SDX Energy – Circle Oil

Well, it looks like SDX Energy are going to get some additional acreage in Egypt, and new acreage in Morocco as shown below. It gets my vote for sure :-).

I also noticed Malcy mentioning that SDX Energy would be on this years bucket list – always a good sign – but missed so far by the market – even better for now as I accumulate.

“As this moment in time I would give the benefit of the doubt to SDX, a company that is very much on the short list for the new bucket list.” Malcy

The statement below was likely in response to Broker Man Dan’s comments on a potential placing – which scared the market, but has since recovered – another good sign.


(“SDX” or the “Company”)



London – 11 January, 2017 – SDX notes the recent media speculation concerning a potential acquisition and material equity fundraising.

In line with its stated strategy of seeking value accretive opportunities to expand the asset base in the North Africa region, SDX is pleased to confirm that it has entered into non-binding heads of terms (“HoT”) with Circle Oil plc (“Circle Oil”) for the acquisition of Circle Oil’s Egyptian and Moroccan businesses (the “Acquisition”).  The HoT has a 30 day exclusivity period.

The Acquisition is subject, inter alia, to the completion of due diligence, documentation, compliance with all regulatory requirements and conclusion of an equity fundraising.  There can be no guarantee that the Acquisition or equity fundraising will proceed.

As previously announced, SDX is entering an exciting period for the Company as it moves into the drilling phase of the work programme at South Disouq in early 2017.  In addition, the well workover program at North West Gemsa continues, as does the redevelopment, waterflood program and facility capacity upgrade at Meseda. 


Further announcements will be made in due course as and when appropriate.

Commenting, Paul Welch, CEO, said:

“We have made clear our firm intentions to create shareholder value by growing SDX into a profitable mid-tier E&P company.   Circle’s assets present an attractive opportunity to add material production and reserves at an attractive price.  However, there is no certainty that this deal will be completed.  We remain excited about the near term activities from our existing portfolio, including the near term South Disouq exploration well, and look forward to keeping our shareholders appraised of all developments.”

Egypt – SDX Energy

A very interesting presentation from Paul Welch CEO of SDX energy.

I like the strategy and the solid base from which they plan to expand.


And an interesting opportunity in the acreage:


Egypt – SDX Energy

Remember Paul Welch the ex CEO of Chariot? Also Mark Reid the ex CFO of Chariot? Well SDX was launched on AIM in 2015 and they have a bigger board than Chariot – after Chariot got rid of several world class non-executives leaving Larry, and some guy from Jersey who looks after the interests of the other guy from South Africa :-), and also a Non Exec Chairman from the USA who to the best of my 4 year knowledge has never attended any AGM in person in the UK or Jersey. Prove me wrong if you can.

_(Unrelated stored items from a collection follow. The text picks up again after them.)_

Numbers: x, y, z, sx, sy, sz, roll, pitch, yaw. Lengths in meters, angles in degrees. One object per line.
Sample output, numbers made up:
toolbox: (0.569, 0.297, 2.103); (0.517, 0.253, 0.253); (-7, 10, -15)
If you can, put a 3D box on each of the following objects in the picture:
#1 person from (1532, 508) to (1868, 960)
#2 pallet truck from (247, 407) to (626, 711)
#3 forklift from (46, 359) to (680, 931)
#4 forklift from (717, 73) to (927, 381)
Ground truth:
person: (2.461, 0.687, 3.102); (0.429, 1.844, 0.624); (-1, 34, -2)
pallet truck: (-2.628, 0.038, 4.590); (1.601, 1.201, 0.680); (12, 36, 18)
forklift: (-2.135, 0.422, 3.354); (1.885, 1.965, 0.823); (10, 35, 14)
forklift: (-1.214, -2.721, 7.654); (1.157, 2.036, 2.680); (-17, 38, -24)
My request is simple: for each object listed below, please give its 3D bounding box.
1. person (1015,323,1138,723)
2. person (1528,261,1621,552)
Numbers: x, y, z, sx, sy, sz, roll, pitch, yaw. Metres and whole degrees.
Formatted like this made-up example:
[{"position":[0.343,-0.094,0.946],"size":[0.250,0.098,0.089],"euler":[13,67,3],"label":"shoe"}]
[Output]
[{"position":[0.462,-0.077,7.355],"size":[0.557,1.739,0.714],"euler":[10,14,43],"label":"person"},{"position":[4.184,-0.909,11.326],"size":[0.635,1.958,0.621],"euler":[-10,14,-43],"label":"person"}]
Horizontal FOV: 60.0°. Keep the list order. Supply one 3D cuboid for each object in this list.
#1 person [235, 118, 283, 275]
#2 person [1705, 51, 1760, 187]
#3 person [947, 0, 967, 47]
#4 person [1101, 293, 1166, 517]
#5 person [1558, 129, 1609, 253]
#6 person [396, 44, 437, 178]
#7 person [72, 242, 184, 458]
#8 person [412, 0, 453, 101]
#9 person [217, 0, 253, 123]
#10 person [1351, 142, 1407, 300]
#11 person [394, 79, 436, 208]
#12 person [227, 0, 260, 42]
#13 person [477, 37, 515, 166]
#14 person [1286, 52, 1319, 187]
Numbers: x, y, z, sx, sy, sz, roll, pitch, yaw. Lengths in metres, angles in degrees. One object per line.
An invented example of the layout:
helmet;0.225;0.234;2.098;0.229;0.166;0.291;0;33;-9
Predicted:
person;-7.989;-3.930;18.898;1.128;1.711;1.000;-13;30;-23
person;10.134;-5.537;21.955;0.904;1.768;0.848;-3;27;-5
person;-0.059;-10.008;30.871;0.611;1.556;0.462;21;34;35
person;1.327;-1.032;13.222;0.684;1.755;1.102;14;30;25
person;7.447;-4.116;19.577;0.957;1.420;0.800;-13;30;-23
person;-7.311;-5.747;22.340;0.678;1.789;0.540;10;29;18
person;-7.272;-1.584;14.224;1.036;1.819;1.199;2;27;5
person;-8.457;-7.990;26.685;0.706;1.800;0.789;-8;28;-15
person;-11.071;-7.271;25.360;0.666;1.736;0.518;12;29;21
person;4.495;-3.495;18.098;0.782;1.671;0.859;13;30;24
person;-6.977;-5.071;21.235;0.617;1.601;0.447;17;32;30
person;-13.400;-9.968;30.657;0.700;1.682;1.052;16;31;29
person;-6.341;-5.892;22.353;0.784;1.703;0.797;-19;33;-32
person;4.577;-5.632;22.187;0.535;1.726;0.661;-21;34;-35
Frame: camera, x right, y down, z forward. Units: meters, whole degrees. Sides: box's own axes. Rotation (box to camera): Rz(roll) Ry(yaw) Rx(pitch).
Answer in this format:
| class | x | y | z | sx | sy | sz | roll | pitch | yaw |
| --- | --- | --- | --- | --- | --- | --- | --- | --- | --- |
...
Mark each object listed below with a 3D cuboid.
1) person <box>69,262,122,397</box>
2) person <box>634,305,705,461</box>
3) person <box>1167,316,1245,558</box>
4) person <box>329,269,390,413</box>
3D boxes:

Looking at the SDX website SDX appear to have a very good strategy in place – high margin generation (cost of $10 bb and aiming for less than $5) which makes it a very interesting company from that perspective. The opportunity to improve their production capacity across all wells also looks interesting.  The ability to generate positive cash flow combined with some interesting free carry exploration plays is very different to the Chariot Elephant hunting  mantra. SDX also has a keen eye on consolidation of smaller oil companies into SDX. I have always liked consolidators! Take a look at the SDX recent presentation.

The SDX PR also looks to be in a higher league than that of Chariot’s which has always been a bone of contention with shareholders. Remember the shareholder communications (rushed) survey that Chariot did? Did it improve PR? Did we ever get any feedback? Just saying …

One thing that does surprise me is the low rate of working capital – especially cash  in the bank – given the ‘free cash flow’.

That aside, I for one am interested in this company. It’s one worth watching and possibly acting upon going through 2017. DYOR.